6. To that end, between relapses last year, I began facilitating a chant class at my yoga studio.  I had to drop it last spring but I hope to revive it locally and in person as my health permits, online in podcasts or Skype groups if it does not (and even if it does).  Ideally, I'd like to be able to facilitate chant groups in hospitals and VA centers for the very ill, the disabled, the traumatized.  I see its importance for spiritual healing far outweighing its utility for the trendy yoga studio seeker.

7.  My kids have grown up since my earlier writing.  I'm no longer homeschooling except in the most legal and supervisory definition.  My older daughter chose to attend public high school, graduated with honors and moved across the country to go to a private liberal arts college where she continues to swim competitively and aims eventually to physical therapy school.  My younger daughter attends community college and is dual enrolled at cosmetology school.  I still supervise her registration, sign her enrollment forms, and help as requested with papers (dyslexia is still a challenge), but I am no longer directly involved.  She's also been a professional actor for several years.  It still seems strange to think that what was such a huge part of my life is now over, but I also heave a sigh of relief to be finished.  I don't regret it for an instant--and, thankfully, neither of my kids does either--but it was a lot of work for which I'm glad no longer to be responsible.

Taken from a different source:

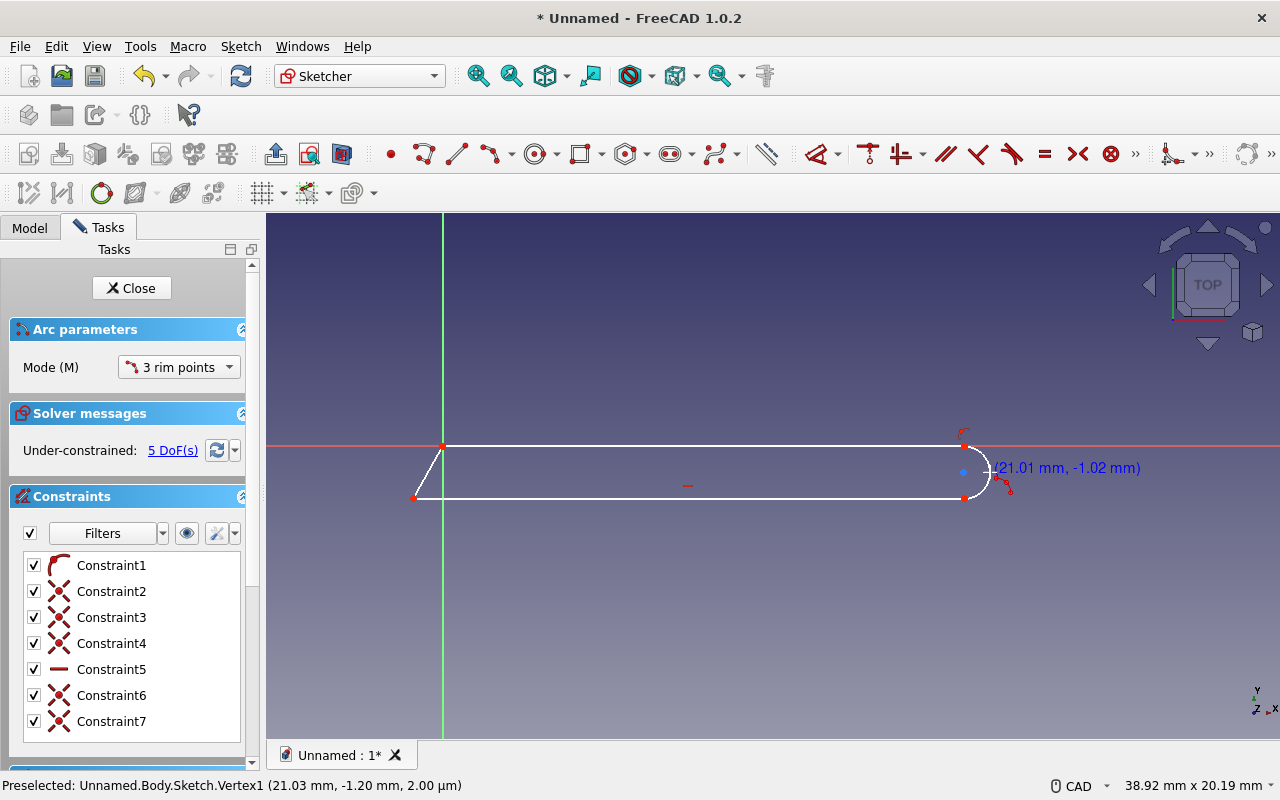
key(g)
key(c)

8.  Due to injury and illness,  I can no longer read books.  At least 95% of my reading is through the Kindle app on my iPhone.  While I am deeply grateful to have that option, since I dislike audio books, I miss the smell, the look, the feel of holding a book in my hands.  I miss shopping at used bookstores and trolling library stacks.  And I really hate paying the digital prices for books.  I thought I spent a lot of money on books until I started buying ebooks at retail prices--criminey!

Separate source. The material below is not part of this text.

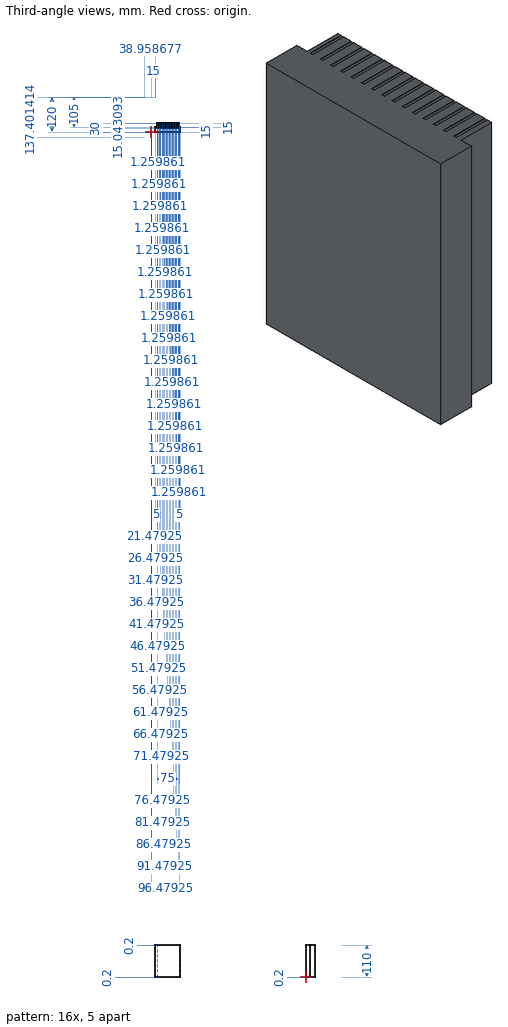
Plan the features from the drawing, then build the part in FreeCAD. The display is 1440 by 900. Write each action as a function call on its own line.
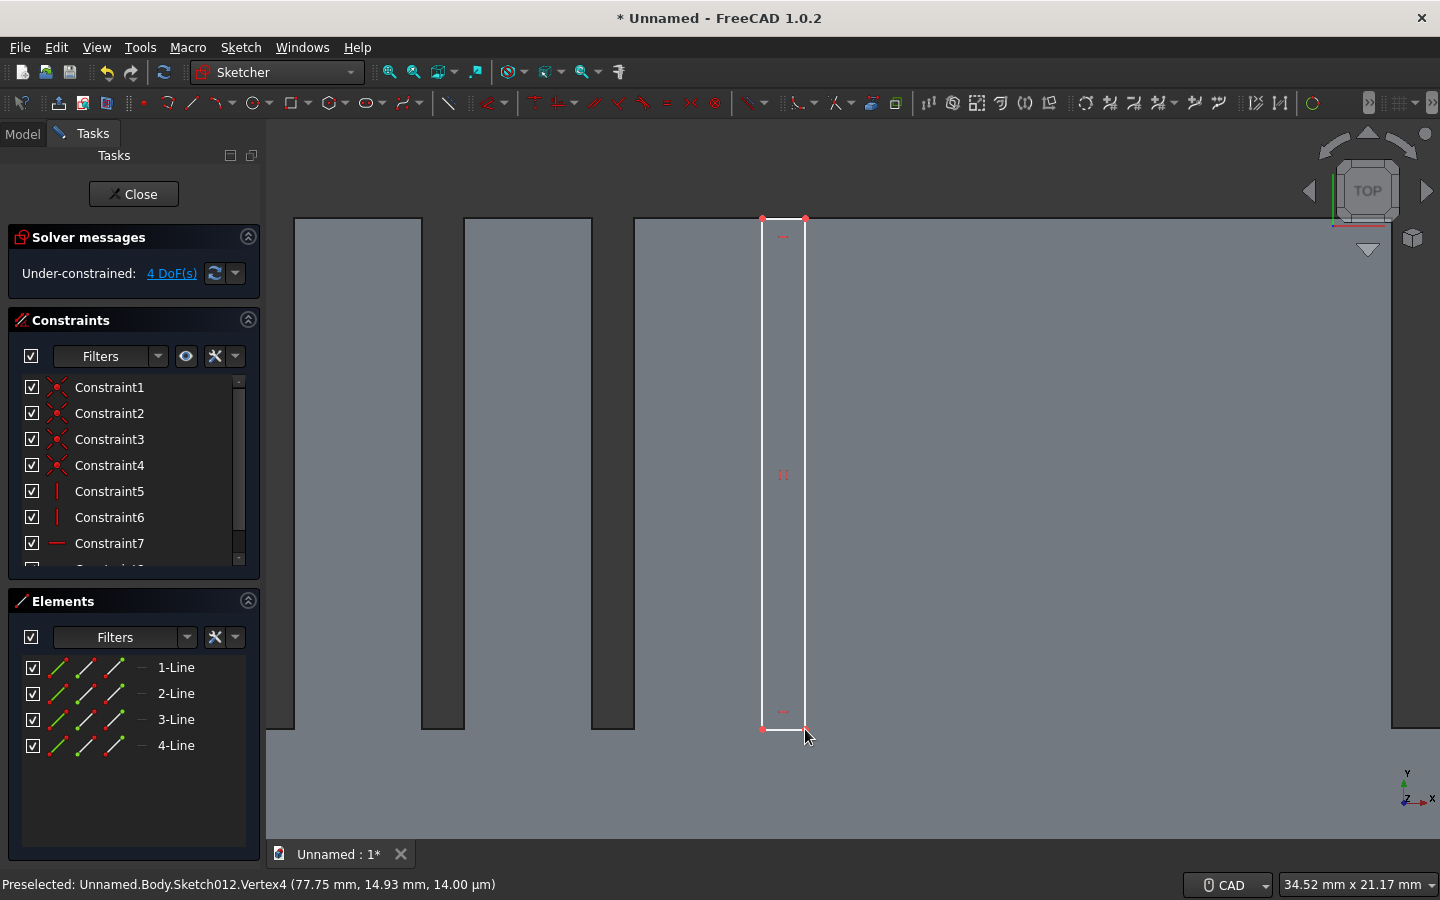
key(d)

9.  Chronic illness is isolating and annihilating.  Even for persons not housebound or confined to bed as I usually am, illness forces an identity change.  It demands consideration of existential questions of meaning, individual value, community, and purpose. Whether one faces these questions head on or ducks continuously to the side of them, they change a person. Chronic illness means facing one's death in a society that spends a great deal of effort to deny death.

10.  Writing this post taxed me so much, I can't even think of a number ten.  I'll just hit publish and have a little lie-down.